Being severely ill is a painful physical and mental process, even if your celebrity status can garner you thousands, and even millions, of well-wishers. And the growing propensity for famous people to "go public" with their diagnoses reflects an almost insatiable desire for information by the media and its readership. Still, Ms. Roberts' case, like others in the past, raises some important pitfalls for patients, their families and the general public.

People tend to associate the beginnings of "celebrity illness" with Betty Ford's disclosure of her breast cancer and radical mastectomy in 1974, but famous people had gone public for decades before -- willingly or unwillingly. For example, newspapers across the country gave front-page coverage to Lou Gehrig's 1939 diagnosis of amyotrophic lateral sclerosis, providing extensive details about the disease's symptoms and progression.[1] The photographer Margaret Bourke-White allowed herself to be photographed for a Life magazine spread after undergoing invasive neurosurgery for her Parkinson's disease in 1959.[2] Shirley Temple Black actually went public with her diagnosis of breast cancer in 1973, over a year before Mrs. Ford.[3]
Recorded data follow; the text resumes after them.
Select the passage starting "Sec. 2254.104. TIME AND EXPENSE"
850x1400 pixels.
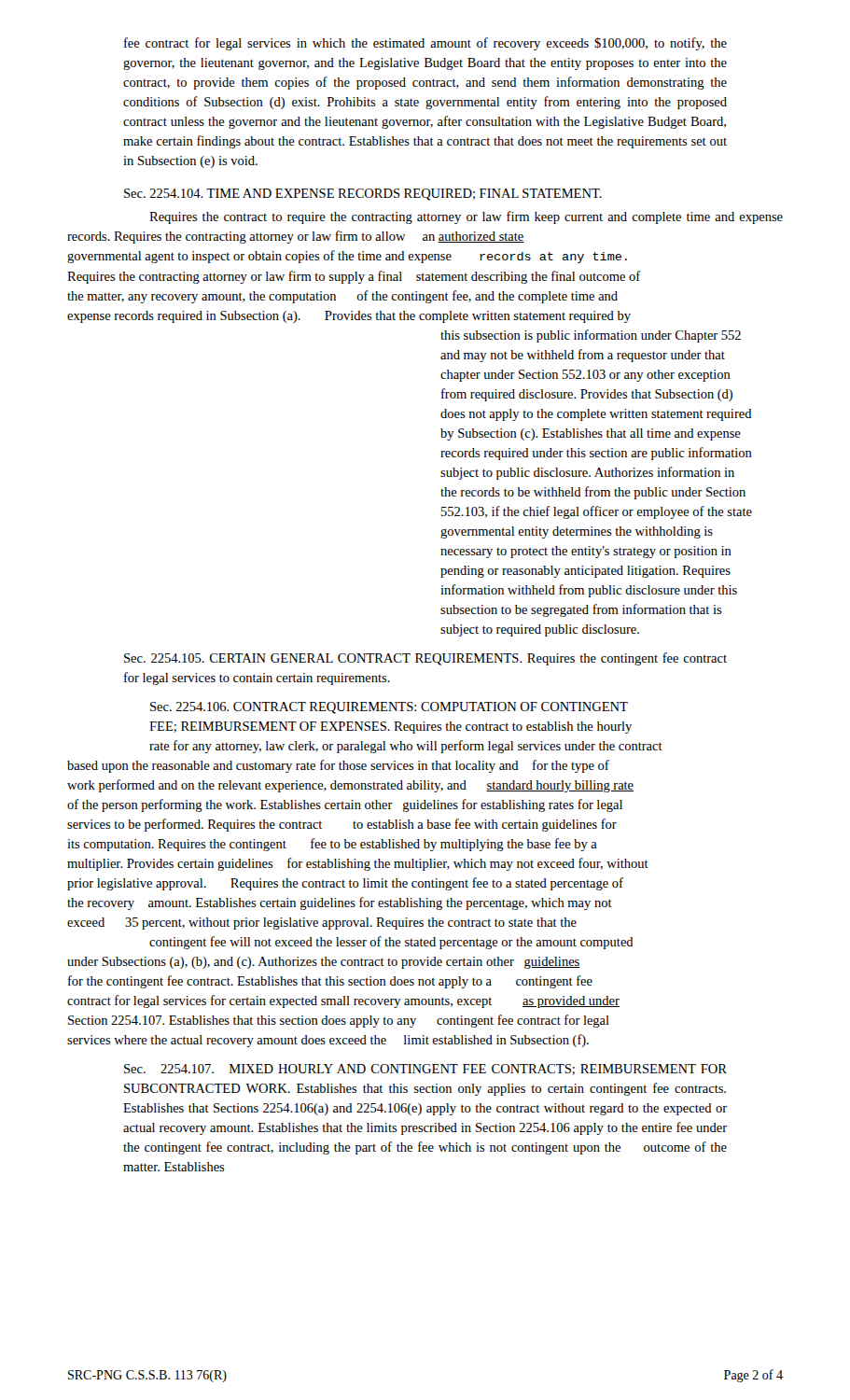pyautogui.click(x=363, y=193)
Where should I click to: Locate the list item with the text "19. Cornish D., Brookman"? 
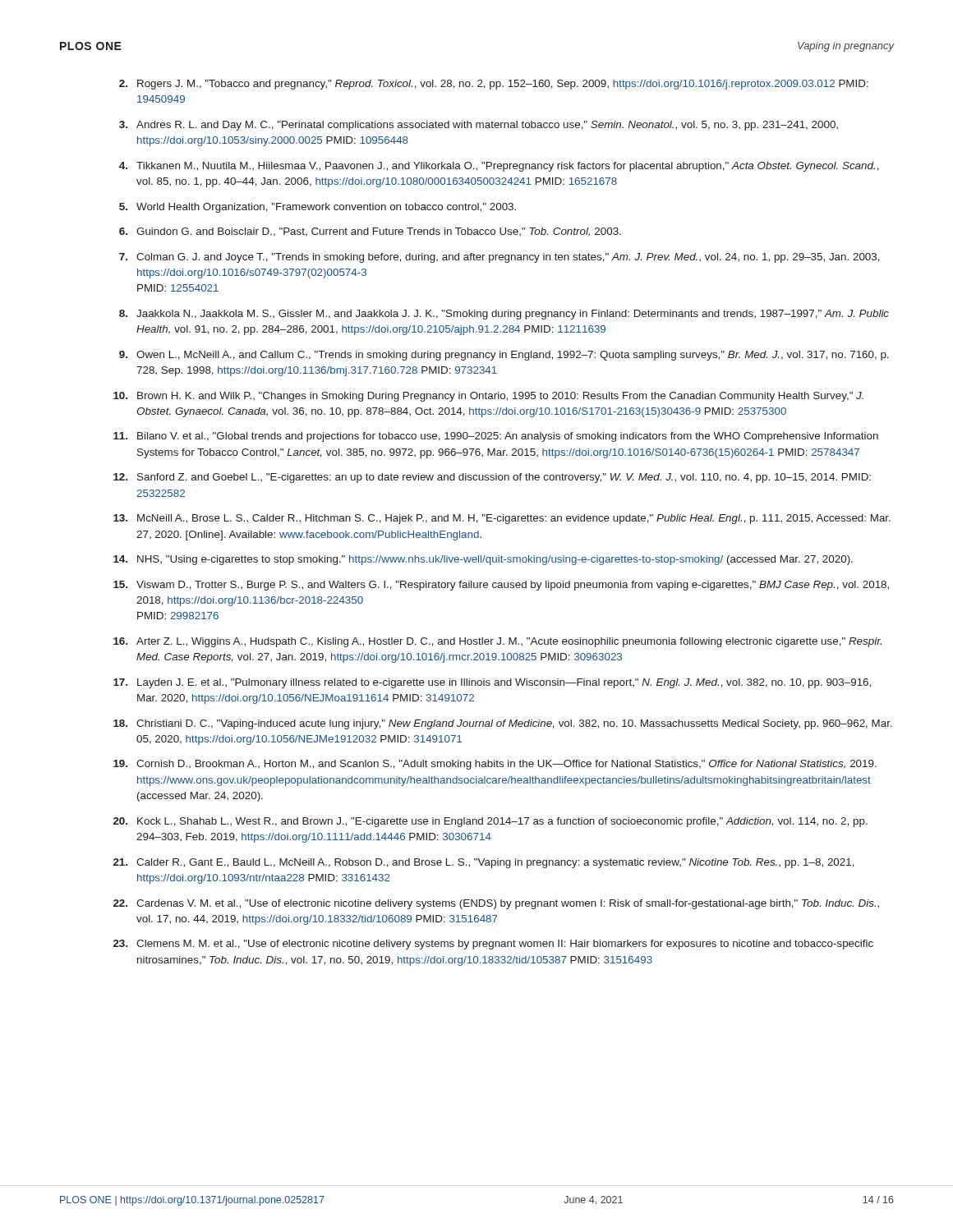tap(498, 780)
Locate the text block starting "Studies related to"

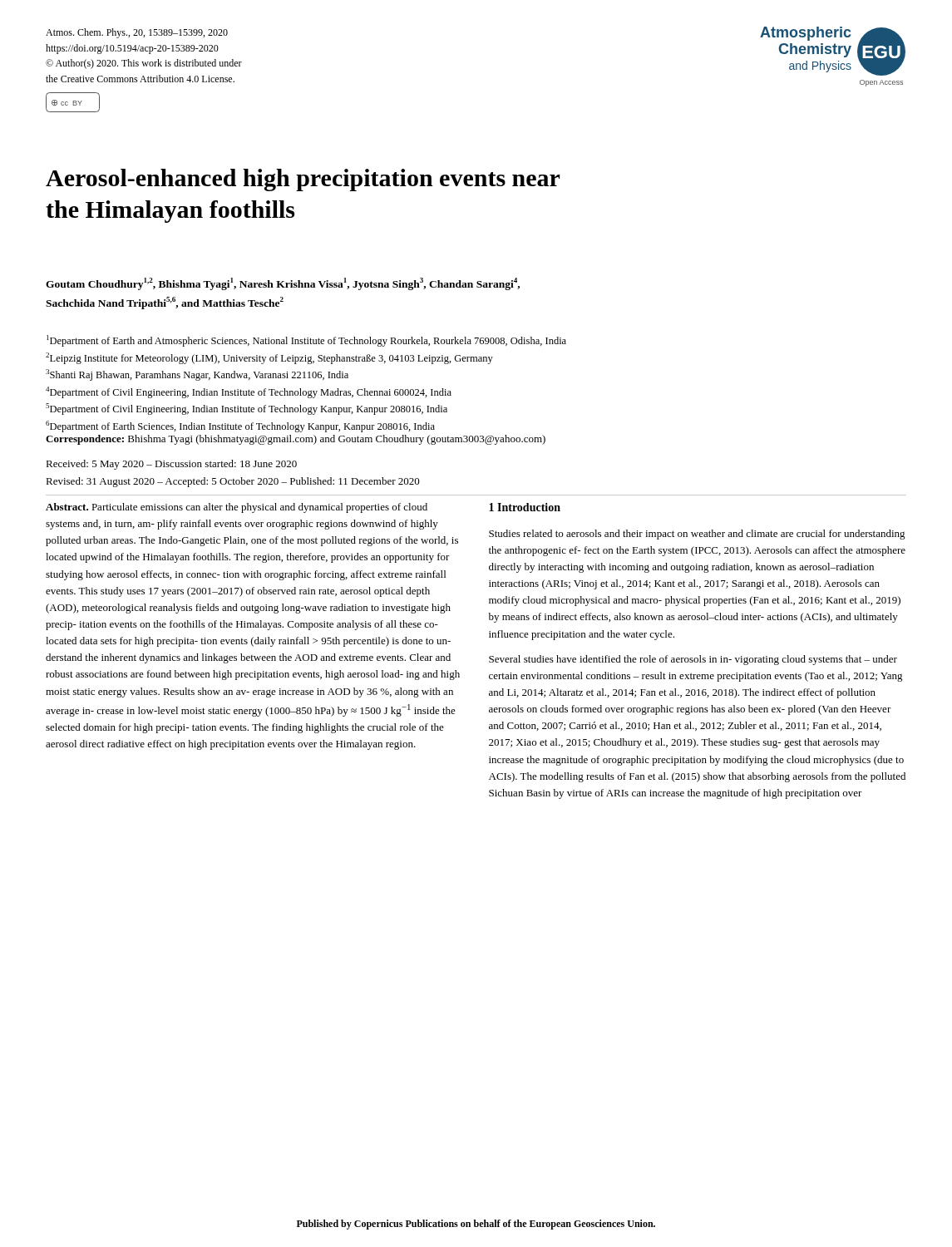[x=697, y=663]
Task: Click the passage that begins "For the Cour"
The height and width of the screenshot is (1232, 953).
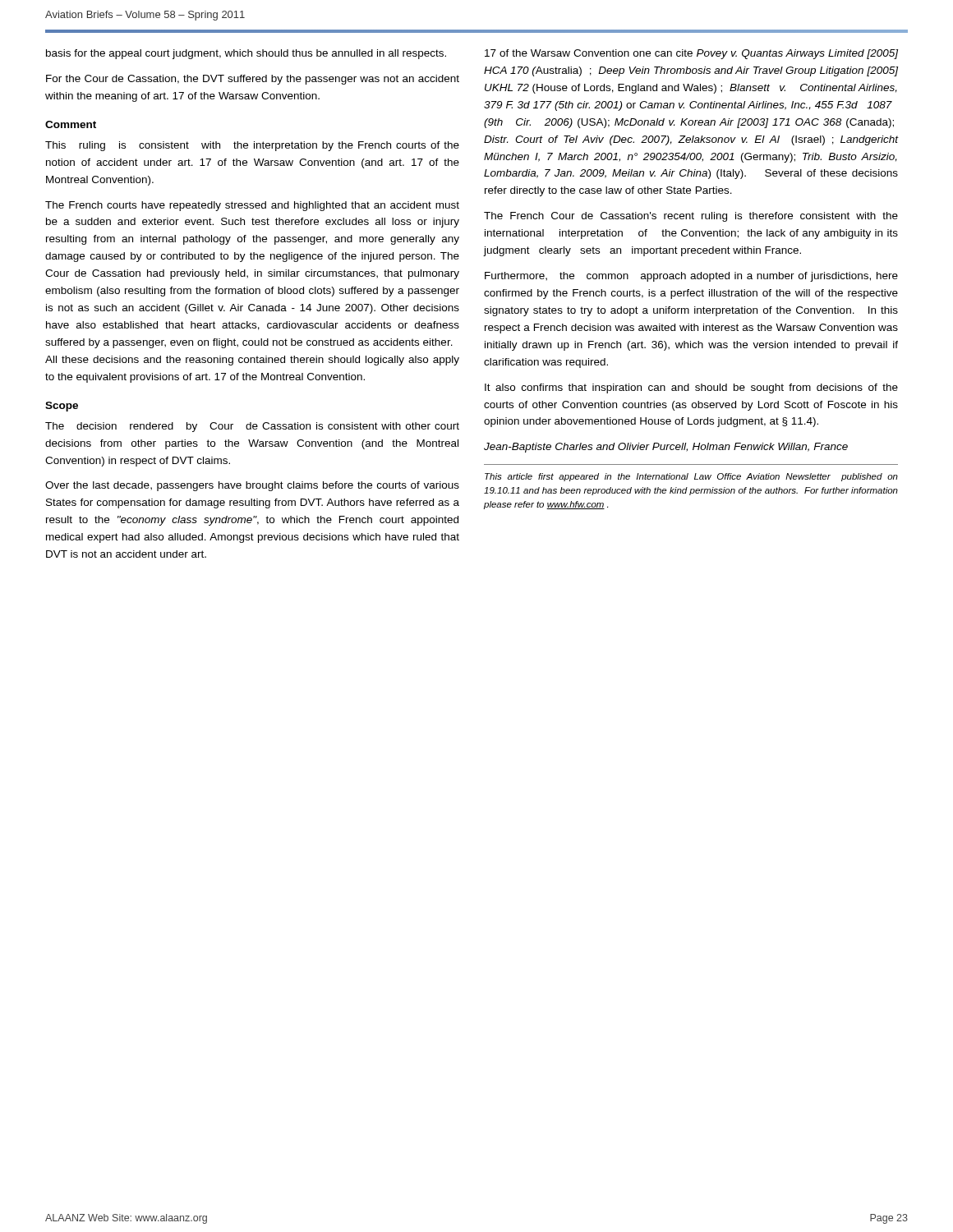Action: click(x=252, y=88)
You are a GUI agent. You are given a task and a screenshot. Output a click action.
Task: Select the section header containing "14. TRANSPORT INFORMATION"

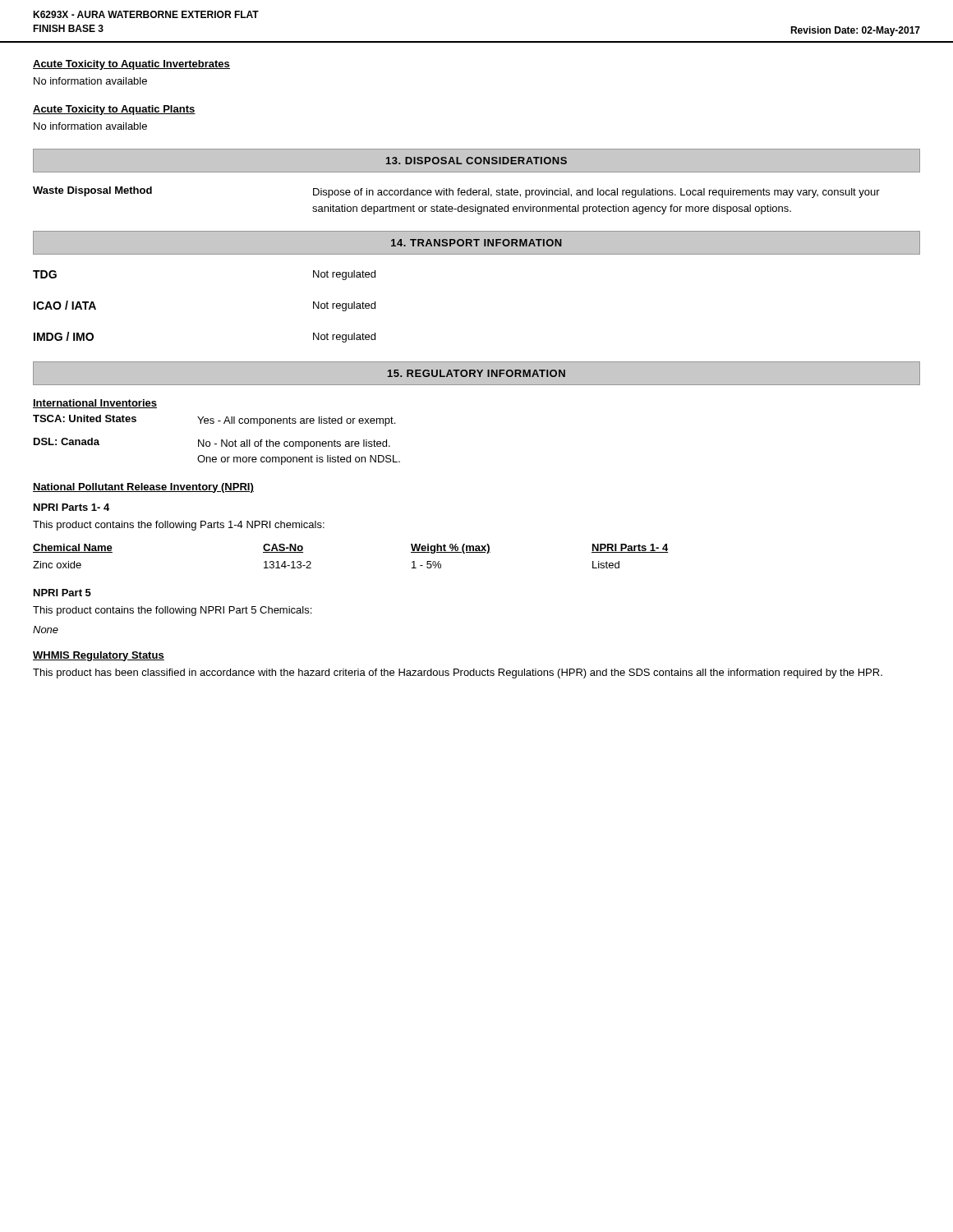tap(476, 243)
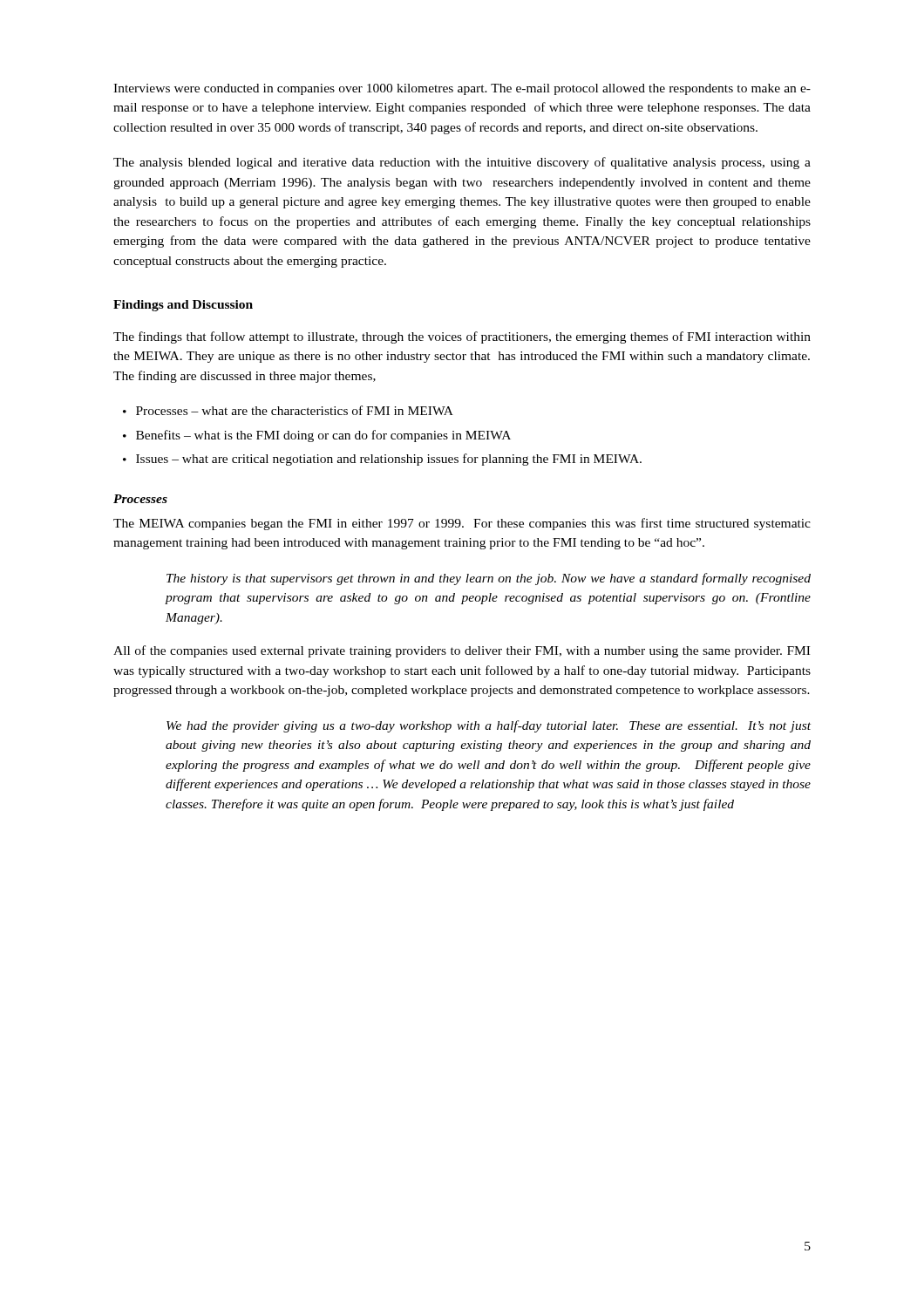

Still, it was the first lady's candor and grace in the face of a devastating diagnosis that has made her breast cancer a landmark event in the history of celebrity illness. Her insistence that women get mammograms to diagnose early-stage breast cancers led to the famous "Betty Ford blip," an actual increase in the incidence of disease diagnoses thanks to women who had followed her advice.

Over the years, disclosure of illness by the famous has almost become de rigueur. Indeed, when television journalist Ed Bradley died of a rare form of leukemia in 2006, some upbraided him for keeping his diagnosis a secret. Yet it can reasonably be argued that aside from politicians, other sick celebrities are under no obligation to disclose information.

Not only are celebrities being more candid about their diagnoses, they are also in some cases giving in-depth details about their diseases and treatments. For example, Lance Armstrong described in depth how he chose a particular chemotherapy regimen for treatment of his widespread testicular cancer.[4] Farrah Fawcett participated in a documentary about her efforts to get unconventional treatment of her anal cancer in Germany.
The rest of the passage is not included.